Indeed, we get onto critiquing divine moral philosophy. The most common version of this is divine command theory (DCT). I shall list 16 arguments against such in order to put it to bed. The Christian/DCTer would need to successfully refute all 16 points to allow their position to be coherent:
- Arbitrariness – There is no third party benchmark and so the idea of goodness becomes arbitrary if it is a non-rational assumption made of God. You cannot defer to something else to morally rationalise God’s nature, as this would then become the moral grounding, and this would not necessitate God. But for God to be that grounding, what makes his commands good become merely arbitrary assertions when lacking such rationalisations. Good becomes merely a synonym of God and lacks any useful meaning.
- Direction of causality – The direction of causality works like this: God has lovingness, mercy, kindness etc., but these are not good characteristics, because goodness is rooted in God. These are good BECAUSE God has them. They do not make God good. So if we have lovingness, if we ask why it is good, it is because it reflects God, not for any other reason. Justice and lovingness are only good on account of God having them, not because they obtain any good consequences within or for society, of for any other moral reasoning.
- We are good only because we reflect God – Think about the previous point on a practical, everyday basis. When you are being good, you cannot use moral reasoning to define that goodness, only that it reflects God. In other words, moral reasoning cannot ground morality, because then the grounding would not be in God. This leaves us with a weird scenario such that you cannot provide any reasoning for moral actions. “Why is this behaviour good?” cannot be answered in any way other than “because it reflects God’s nature”, and thus moral reasoning becomes impotent. It also means that God cannot have reasons for doing as he does, otherwise these will ground the moral value of the action!
- Defies everyday moral reasoning and intuition (in, say, consequences) – In other words, what makes rape wrong, for us, is roughly what harm it causes. For the DCTer, it is because God commanded us not to rape. Although, he kind of did in the Old Testament! We will look about the world and say, “Look how horrible rape is! Look at the harm it does.” But this in no way makes it wrong!
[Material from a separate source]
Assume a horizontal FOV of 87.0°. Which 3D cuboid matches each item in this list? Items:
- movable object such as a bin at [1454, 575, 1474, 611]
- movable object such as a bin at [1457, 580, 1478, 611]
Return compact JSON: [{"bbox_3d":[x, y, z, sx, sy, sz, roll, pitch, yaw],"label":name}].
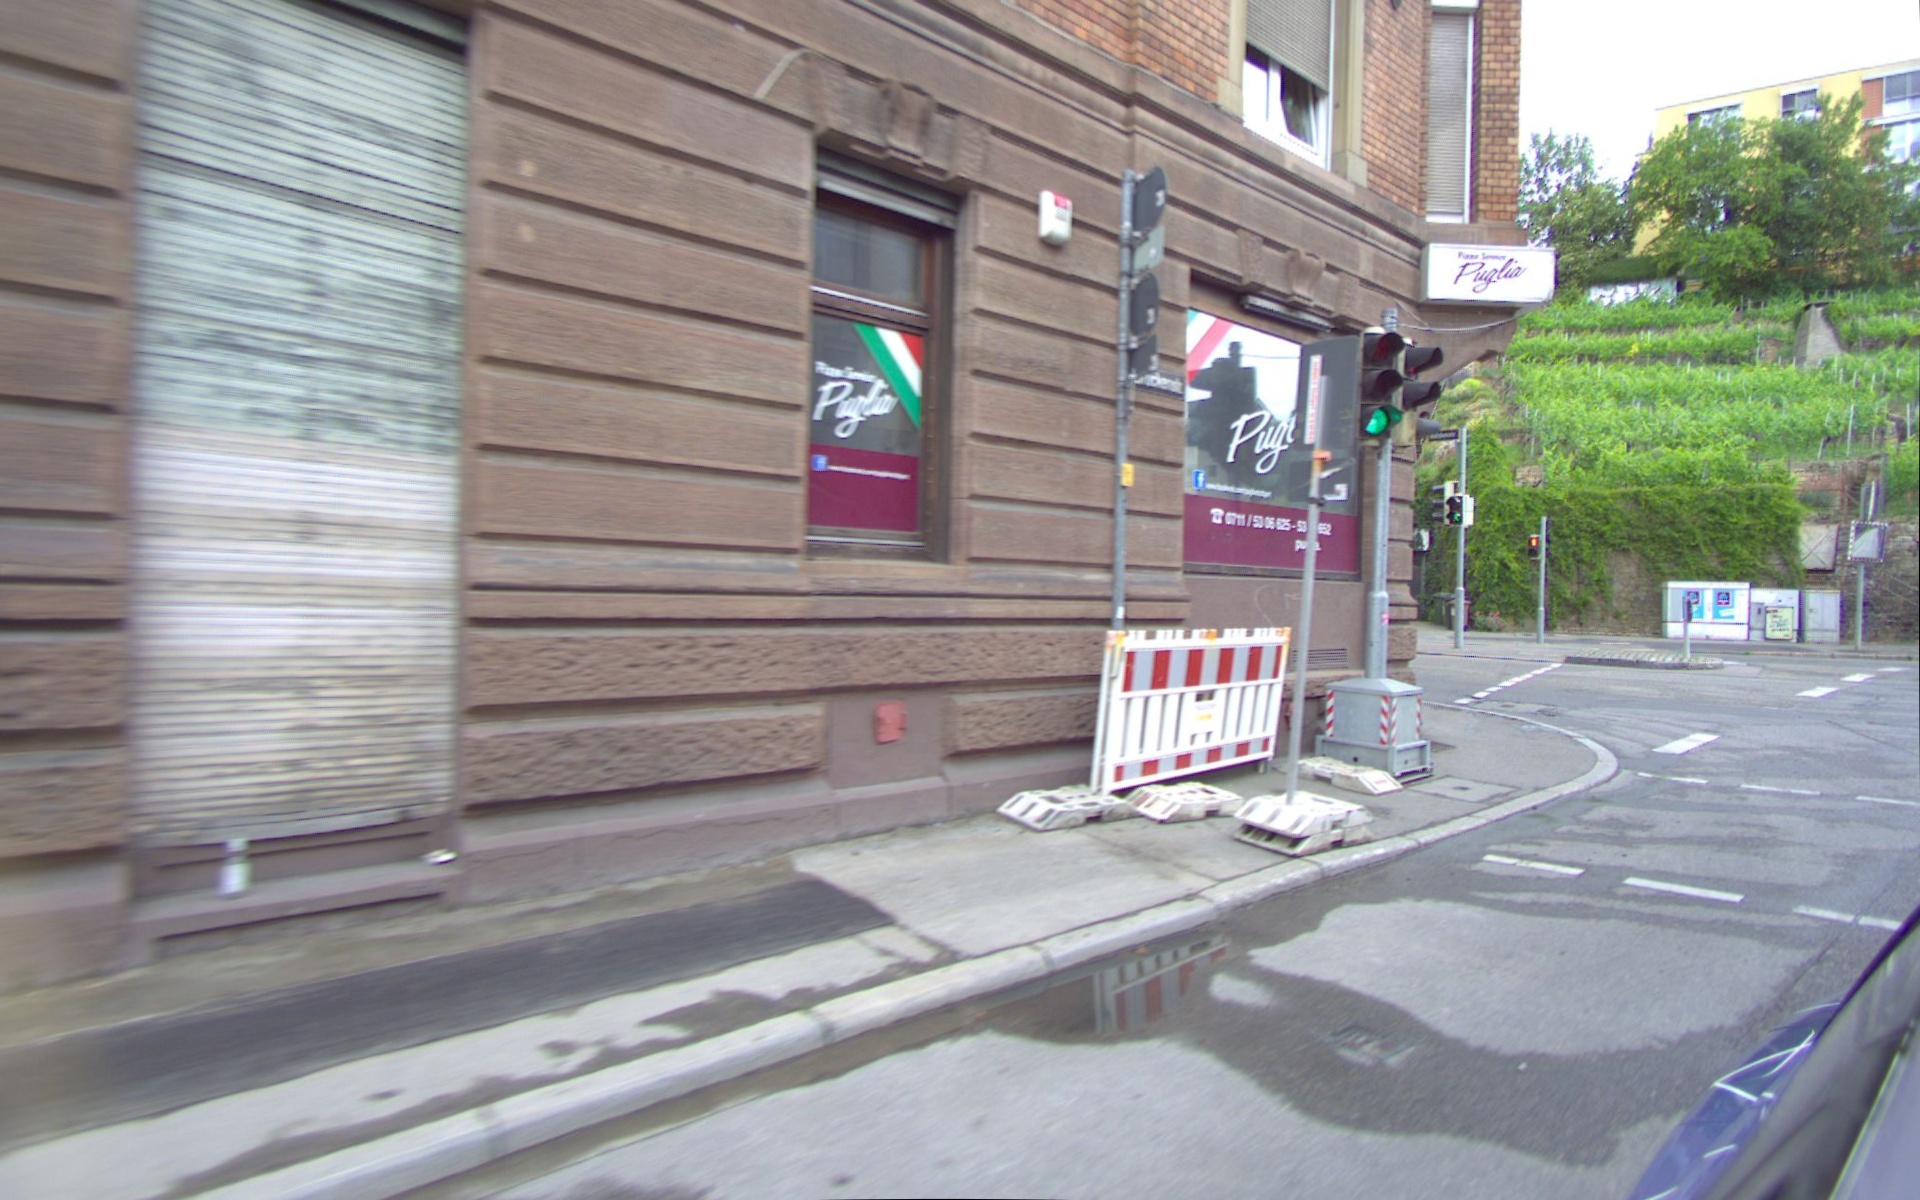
[{"bbox_3d":[15.377,-0.222,30.877,0.466,1.096,0.406,-1,0,16],"label":"movable object such as a bin"},{"bbox_3d":[15.248,-0.126,30.424,0.488,0.923,0.343,-1,0,16],"label":"movable object such as a bin"}]

This carries no moral value. Of course, this seems patently ridiculous. None of this plays well with our sense of moral intuition. We feel we are being good for X and Y reason, and yet this is supposed to be reflective of God, and this is what makes it good. Yet most everybody being good on a daily basis believes this or thinks of God in this way when being good.
- Which God? Which Commands? – We are also unclear as to which god exists, and what each god’s commands are. The commands in the Old Testament appear to have been replaced overnight with the commands of the New Testament. Incidentally, this looks like moral relativism (Inter-Testamental Moral Relativism) such that the historical and geographic context of the Jews defined the morality of their actions. So there is a gross lack of clarity in what actions DO reflect God’s nature – we might call this the Argument From Divine Miscommunication. Is stoning adulterers good? Is it bad? Is it only good before 33CE? Did God’s nature change then? Is all the Bible literally true? If so, then Jesus is literally a door. If not, then Jesus and the Bible talks at times in metaphor. What is metaphor and what is literal? We do not have commands for a good many things in the Bible, what of these? Such divine commands are indeed muddled and unclear at best. Slavery etc. appears to be morally bad, and yet God countenanced it in the Bible.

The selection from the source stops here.